Con motivo del devastador terremoto sufrido en la Navidad de 1884,
el Rey Alfonso XII visita Málaga. Se programan muchos actos
en honor del monarca pintores malagueños exponen sus obras
entre los que están Emilio Ocón y ofrecen un concierto
donde interpretan la Cantata de Ocón compuesta en 1857 Obra
que fue compuesta para festejar su nacimiento.
La brillante gestión que lleva a cabo como director de la
Filarmónica y del Conservatorio se ve también premiada
al ser nombrado en 1888 Socio de Honor. Asimismo, la Sociedad de
Conciertos de Madrid, con la que Ocón sostenía unas
amplias relaciones, le otorga en 1893 el título de Socio
Honorario. Esta modélica entidad musical reconoce así
sus méritos como compositor, pero lo más importante
es que, con frecuencia, se programan obras del insigne músico
malagueño.
En 1890, el Conservatorio de Málaga se incorpora a la Escuela
Nacional de Música y Declamación de Madrid (nombre
que por aquella época y por razones políticas tenía
el Real Conservatorio de la capital de España).
La Dirección General de Instrucción Pública,
tras constatar que en Málaga se imparten los planes de estudios
vigentes en Madrid, concede dicha incorporación con fecha
11 de marzo de 1894. Desde ese día, todos los estudios que
se realizarán en el Conservatorio "Maria Cristina"
de Málaga tienen carácter oficial.
A partir de 1893 Ocón obtiene permiso para instalarse en
la torre de la Catedral. Según Bolea y Sintas refiriéndose
a los dos magníficos órganos "Ocón apenas
cumplió los sesenta años, solicitó y obtuvo
del excelentísimo Cabildo le cediera una habitación
en la torre de la Catedral para acabar los días de su vida
oyendo los dulces acordes que hicieron de él un artista".
Ya en el S.XX El día 28 de febrero de 1901, a las cinco de
la tarde, muere Eduardo Ocón, víctima de una pulmonía
gripal.
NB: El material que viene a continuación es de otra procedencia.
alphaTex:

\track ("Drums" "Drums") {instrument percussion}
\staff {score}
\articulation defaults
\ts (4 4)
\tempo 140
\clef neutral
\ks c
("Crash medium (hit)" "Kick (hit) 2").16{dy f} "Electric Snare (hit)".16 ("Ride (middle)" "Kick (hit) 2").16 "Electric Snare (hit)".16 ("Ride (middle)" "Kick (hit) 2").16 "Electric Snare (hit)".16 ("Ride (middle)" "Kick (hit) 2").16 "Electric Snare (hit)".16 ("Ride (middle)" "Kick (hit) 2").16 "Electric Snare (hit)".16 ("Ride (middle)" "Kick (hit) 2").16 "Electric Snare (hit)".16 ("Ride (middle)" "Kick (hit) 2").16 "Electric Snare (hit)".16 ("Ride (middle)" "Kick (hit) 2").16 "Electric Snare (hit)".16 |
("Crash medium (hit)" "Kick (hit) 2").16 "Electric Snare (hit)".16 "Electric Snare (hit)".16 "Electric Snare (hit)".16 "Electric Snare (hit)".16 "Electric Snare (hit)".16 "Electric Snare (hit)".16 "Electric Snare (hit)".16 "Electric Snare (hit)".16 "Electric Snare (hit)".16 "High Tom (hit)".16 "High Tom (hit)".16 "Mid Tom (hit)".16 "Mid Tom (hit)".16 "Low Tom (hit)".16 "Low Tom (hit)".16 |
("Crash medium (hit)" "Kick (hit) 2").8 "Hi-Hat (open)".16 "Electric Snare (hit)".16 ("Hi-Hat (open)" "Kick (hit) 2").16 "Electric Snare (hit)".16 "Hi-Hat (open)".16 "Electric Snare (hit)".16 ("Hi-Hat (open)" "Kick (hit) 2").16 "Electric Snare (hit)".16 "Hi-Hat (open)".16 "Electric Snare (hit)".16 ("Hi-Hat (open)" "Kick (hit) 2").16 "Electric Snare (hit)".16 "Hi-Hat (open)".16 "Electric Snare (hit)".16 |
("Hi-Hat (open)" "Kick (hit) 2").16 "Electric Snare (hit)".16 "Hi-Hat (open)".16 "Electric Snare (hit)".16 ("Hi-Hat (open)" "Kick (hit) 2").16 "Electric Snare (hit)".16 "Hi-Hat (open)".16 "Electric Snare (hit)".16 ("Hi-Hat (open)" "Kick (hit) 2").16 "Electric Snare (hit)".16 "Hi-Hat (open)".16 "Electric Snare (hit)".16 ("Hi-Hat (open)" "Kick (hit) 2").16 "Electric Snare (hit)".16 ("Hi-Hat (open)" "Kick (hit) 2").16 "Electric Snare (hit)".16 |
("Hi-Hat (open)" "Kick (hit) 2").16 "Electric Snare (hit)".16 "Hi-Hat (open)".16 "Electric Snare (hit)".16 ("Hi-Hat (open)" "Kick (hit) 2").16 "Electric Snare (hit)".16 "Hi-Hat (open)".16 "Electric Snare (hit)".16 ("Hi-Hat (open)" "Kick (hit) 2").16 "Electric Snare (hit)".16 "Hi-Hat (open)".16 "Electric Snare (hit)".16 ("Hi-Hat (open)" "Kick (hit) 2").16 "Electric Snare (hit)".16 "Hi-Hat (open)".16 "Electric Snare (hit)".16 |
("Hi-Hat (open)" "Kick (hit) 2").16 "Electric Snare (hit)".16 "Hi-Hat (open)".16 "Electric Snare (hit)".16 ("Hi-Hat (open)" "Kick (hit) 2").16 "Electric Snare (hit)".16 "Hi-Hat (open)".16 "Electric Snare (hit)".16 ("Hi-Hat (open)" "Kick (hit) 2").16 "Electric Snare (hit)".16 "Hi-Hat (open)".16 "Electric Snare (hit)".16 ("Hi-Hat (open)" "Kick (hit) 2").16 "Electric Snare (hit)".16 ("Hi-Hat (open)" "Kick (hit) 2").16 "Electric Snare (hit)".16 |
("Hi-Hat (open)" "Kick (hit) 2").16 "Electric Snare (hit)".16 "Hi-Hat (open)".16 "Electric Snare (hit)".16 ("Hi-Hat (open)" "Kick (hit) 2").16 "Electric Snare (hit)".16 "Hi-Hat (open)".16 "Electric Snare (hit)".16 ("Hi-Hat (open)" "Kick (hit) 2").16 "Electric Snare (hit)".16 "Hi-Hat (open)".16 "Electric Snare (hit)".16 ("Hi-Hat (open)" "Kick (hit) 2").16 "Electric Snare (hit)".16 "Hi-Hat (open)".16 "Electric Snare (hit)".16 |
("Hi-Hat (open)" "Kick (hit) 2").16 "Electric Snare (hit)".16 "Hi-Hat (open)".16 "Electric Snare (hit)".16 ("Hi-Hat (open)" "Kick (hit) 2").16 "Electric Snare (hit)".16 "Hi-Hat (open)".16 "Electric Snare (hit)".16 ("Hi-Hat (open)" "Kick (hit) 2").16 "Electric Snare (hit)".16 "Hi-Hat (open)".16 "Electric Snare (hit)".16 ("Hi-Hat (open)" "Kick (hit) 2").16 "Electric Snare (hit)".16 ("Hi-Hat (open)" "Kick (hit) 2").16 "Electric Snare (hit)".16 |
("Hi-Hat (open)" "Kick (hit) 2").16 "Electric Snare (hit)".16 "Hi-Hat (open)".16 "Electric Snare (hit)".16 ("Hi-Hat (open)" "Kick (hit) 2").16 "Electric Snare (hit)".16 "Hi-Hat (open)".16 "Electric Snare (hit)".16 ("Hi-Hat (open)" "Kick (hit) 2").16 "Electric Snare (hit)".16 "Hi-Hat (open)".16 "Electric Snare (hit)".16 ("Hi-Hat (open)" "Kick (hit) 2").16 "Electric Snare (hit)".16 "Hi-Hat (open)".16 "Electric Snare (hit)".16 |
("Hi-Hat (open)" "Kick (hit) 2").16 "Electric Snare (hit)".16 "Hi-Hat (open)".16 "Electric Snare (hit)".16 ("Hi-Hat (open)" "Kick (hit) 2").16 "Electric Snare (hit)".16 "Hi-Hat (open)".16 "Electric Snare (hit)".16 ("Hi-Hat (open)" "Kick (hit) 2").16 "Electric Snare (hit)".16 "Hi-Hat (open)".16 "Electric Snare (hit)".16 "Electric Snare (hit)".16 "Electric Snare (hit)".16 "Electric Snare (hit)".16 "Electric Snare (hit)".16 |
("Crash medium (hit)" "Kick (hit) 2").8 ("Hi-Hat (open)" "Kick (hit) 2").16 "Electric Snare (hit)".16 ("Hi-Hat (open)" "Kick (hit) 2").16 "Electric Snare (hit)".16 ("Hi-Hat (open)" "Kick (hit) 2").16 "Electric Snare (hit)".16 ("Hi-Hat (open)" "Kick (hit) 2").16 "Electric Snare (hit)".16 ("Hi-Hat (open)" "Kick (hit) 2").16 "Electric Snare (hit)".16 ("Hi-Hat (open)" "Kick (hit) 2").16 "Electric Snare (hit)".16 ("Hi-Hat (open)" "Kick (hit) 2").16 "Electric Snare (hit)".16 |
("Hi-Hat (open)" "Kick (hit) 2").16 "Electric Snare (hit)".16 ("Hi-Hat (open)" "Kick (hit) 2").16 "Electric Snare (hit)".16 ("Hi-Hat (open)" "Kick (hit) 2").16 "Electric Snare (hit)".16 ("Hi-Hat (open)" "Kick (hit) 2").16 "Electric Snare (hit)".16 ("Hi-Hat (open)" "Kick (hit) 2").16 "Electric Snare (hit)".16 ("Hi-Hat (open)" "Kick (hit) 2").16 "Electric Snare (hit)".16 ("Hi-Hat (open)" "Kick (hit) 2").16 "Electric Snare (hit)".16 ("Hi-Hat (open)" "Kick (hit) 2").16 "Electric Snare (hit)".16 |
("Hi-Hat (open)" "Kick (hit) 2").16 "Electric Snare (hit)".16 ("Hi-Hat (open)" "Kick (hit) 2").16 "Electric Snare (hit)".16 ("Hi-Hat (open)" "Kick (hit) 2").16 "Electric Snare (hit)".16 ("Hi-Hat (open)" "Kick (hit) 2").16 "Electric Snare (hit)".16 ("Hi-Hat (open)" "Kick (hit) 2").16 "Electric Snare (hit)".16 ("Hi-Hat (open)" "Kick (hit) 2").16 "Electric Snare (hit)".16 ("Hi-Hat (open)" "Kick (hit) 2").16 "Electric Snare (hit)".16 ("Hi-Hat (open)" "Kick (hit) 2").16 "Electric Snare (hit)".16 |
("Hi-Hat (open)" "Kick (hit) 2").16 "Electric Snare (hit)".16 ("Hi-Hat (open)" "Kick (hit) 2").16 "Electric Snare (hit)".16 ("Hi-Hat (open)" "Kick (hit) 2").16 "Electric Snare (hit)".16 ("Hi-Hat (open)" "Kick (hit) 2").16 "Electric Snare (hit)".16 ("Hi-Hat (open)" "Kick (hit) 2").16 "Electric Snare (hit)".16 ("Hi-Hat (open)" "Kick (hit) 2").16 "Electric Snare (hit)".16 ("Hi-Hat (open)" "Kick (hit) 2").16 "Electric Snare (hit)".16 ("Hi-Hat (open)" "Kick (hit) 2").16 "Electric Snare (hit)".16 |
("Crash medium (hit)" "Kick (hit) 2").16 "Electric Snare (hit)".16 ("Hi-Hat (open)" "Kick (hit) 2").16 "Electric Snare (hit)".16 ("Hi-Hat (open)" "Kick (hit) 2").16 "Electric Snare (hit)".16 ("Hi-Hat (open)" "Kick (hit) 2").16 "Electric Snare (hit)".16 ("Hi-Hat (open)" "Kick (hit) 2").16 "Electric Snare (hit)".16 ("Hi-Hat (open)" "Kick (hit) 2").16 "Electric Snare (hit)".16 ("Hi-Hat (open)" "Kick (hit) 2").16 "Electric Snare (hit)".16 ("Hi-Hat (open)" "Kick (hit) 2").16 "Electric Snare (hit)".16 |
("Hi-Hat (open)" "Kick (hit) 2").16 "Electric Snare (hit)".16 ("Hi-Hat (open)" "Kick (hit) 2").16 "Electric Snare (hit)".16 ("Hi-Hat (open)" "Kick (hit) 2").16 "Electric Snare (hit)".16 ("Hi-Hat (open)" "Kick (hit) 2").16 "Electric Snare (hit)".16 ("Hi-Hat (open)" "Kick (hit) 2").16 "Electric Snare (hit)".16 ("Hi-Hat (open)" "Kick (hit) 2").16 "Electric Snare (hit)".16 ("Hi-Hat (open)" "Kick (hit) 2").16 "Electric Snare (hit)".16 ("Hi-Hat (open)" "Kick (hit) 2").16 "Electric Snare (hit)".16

El entierro tiene lugar en el Cementerio de San Miguel al
día siguiente y constituye una sentida manifestación
de duelo en toda Málaga.
A pesar de los inestimables servicios que Ocón presta a la
ciudad y de la indudable valía de sus obras, el olvido de
este importante organista, investigador, compositor y docente se
produce muy rápidamente.
El 14 de Octubre de 1917, la Sociedad Filarmónica organiza
un acto en su memoria. Donde se lee un emotivo discurso que , titulado
Elogio de Don Eduardo Ocón, edita la mencionada Sociedad.
El Conservatorio tarda mucho en reaccionar siendo como fue este
centro la mejor obra de Ocón. El acto se lleva a cabo el
27 de enero de 1934 y se pretende entre otras actuaciones, publicar
todas las partituras de Ocón, colocar un busto suyo en el
parque de Málaga, celebrar un concierto en el que se interpreten
obras suyas. De todo ello, solo se llevó a cabo el concierto.
La obra que perduró más en los atriles fue su Miserere,
que continuó interpretándose en Semana santa, pero
también fue olvidándose poco a poco. La tradición
de hacerlo oír en esas fechas fue rescatada por la antigua
Orquesta Sinfónica de Málaga, agrupación que,
junto a la Coral Santa María de la Victoria, realizó
la primera grabación de esta obra, sin duda la más
ambiciosa de las que escribió para la iglesia.
En 1980, con ocasión del centenario de la fundación
del Conservatorio malagueño, se descubre en este centro una
lápida conmemorativa en honor del que fue su primer director.
Antonio Martín Moreno revisa el Andante de la Primera Sinfonía
de Ocón y logra que lo interprete la Orquesta Nacional de
España. Pocos meses después, la pianista Gloria Emparán,
que en aquellas fechas era también profesora del centro,
graba la integral de la obra para piano del músico malagueño.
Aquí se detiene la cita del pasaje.